The research team implemented a survey evaluation to measure payday borrowers’ self-control for making rational long-term financial decisions and their self-awareness about their own self-control. The survey ran at 41 of the lender’s stores in Indiana from and had over 1,200 respondents included in data analysis.
Immediately before or after taking out a payday loan, borrowers participating in the study took a survey questionnaire offering choices between three rewards they would potentially receive twelve weeks later:
Researchers then used these responses to consider the implications of three commonly proposed payday lending regulations on consumer welfare
- Incentive for being debt-free: individuals would receive a US$ 100 cash payment if they did not take out any more loans for eight weeks
- Money for Sure: individuals would receive a “Money For Sure” reward, a cash payment regardless of their future behavior. Borrowers were asked to repeatedly choose between the US$ 100 debt-free incentive option and different amounts of “Money For Sure” (from what researchers call a “multiple price list”), taking into account their estimated probability of taking out another loan in the next eight weeks.
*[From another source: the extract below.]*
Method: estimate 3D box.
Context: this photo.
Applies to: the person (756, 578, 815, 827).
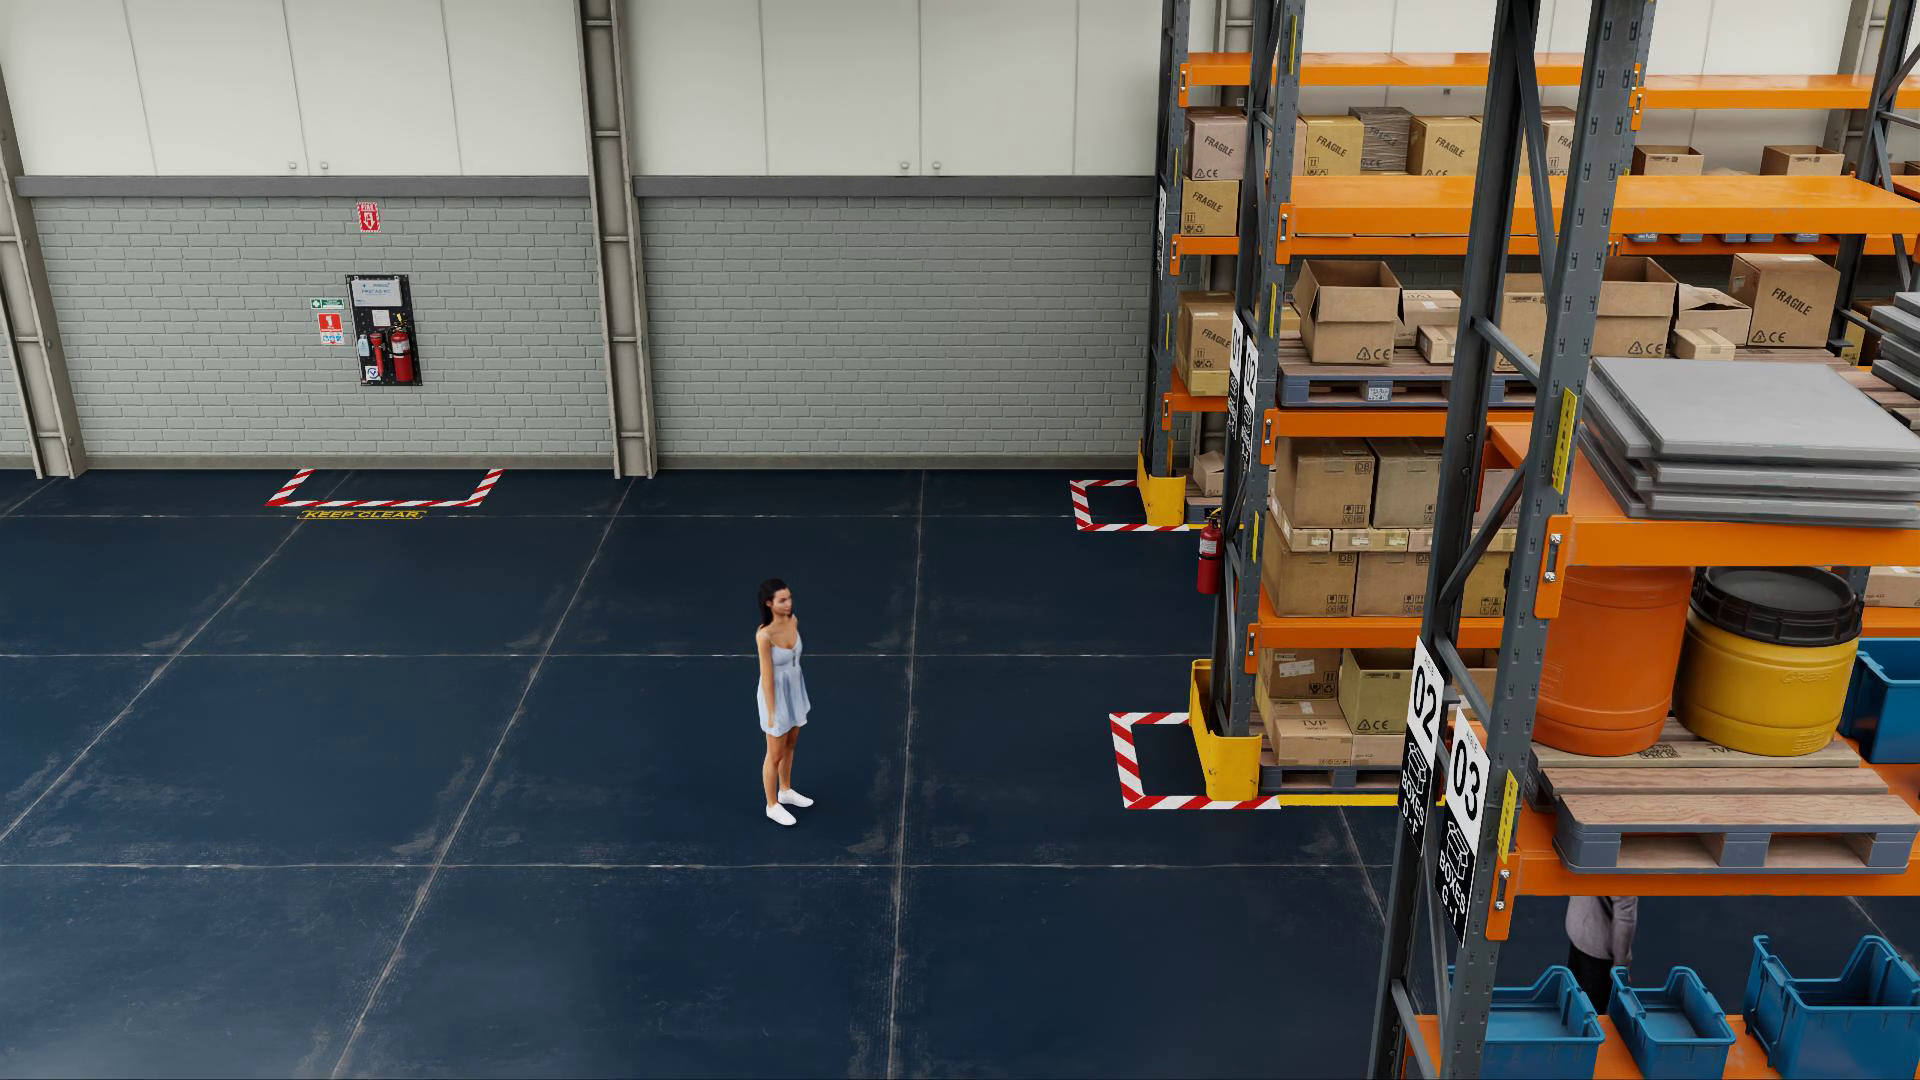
[{"bbox_3d":[-1.195,1.050,11.065,0.663,1.730,0.664,10,25,23],"label":"person"}]

- Flip a Coin: This group was offered a 50 percent chance of winning $100 or nothing. Similar to the Money for Sure option, respondents went through a series of adaptive questions beginning with a tradeoff between flipping a coin to receive US$ 100 and receiving US$ 0 for sure. This helped researchers measure individuals’ risk aversion.
After the survey was complete, the iPad informed participants of whether paydayloansohio.net/cities/yorkville/ they had been selected for one of types of rewards or received nothing (the comparison group). The probabilities of receiving the debt-free incentive, one randomly chosen value of their Money for Sure responses, or nothing were 44 percent, 2 percent, and 54 percent, respectively. Participants also received a reminder of the reward via email four weeks after the survey.
Researchers combined the survey data with administrative data from the lender covering individuals’ income, an internal credit score on a scale from 0-1000, pay cycle length, loan length, and loan amount
The evaluation revealed that the average borrower almost fully anticipates repeat borrowing. Among the people who did not receive any rewards (the comparison group), 70 percent said they would borrow again. When comparing with administrative data, 74 percent of the people did borrow, confirming that on average people can anticipate their likelihood of repeat borrowing.
However, researchers found this is not true among the most inexperienced borrowers, those who had taken out three or fewer loans from the lender in the six months prior to the intervention. On average, these borrowers underestimate their future borrowing probability by 20 percentage points.
People who received the incentive were less likely to predict correctly their probability of taking out a payday loan in the future. The average borrower predicted that the US$100 debt-free incentive would reduce the probability of taking out another loan within the next eight weeks to 50 percent. In reality, however, those offered the debt-free incentive took out another loan 70 percent of the time. This suggests that experience under normal conditions can help borrowers predict their behavior under normal conditions, but it does not help them predict their behavior under unfamiliar conditions.
On average, borrowers value the no-borrowing incentive 30 percent more than they would if had perfect self-control or if they are risk-neutral, suggesting people are present-focused and aware of this bias. Qualitative data also suggests that people focus too much on the present when taking payday loans. Fifty-four percent of the respondents said they «would very much» want to give themselves extra motivation to avoid payday loans in the future, and only 10 percent said they didn’t want extra motivation.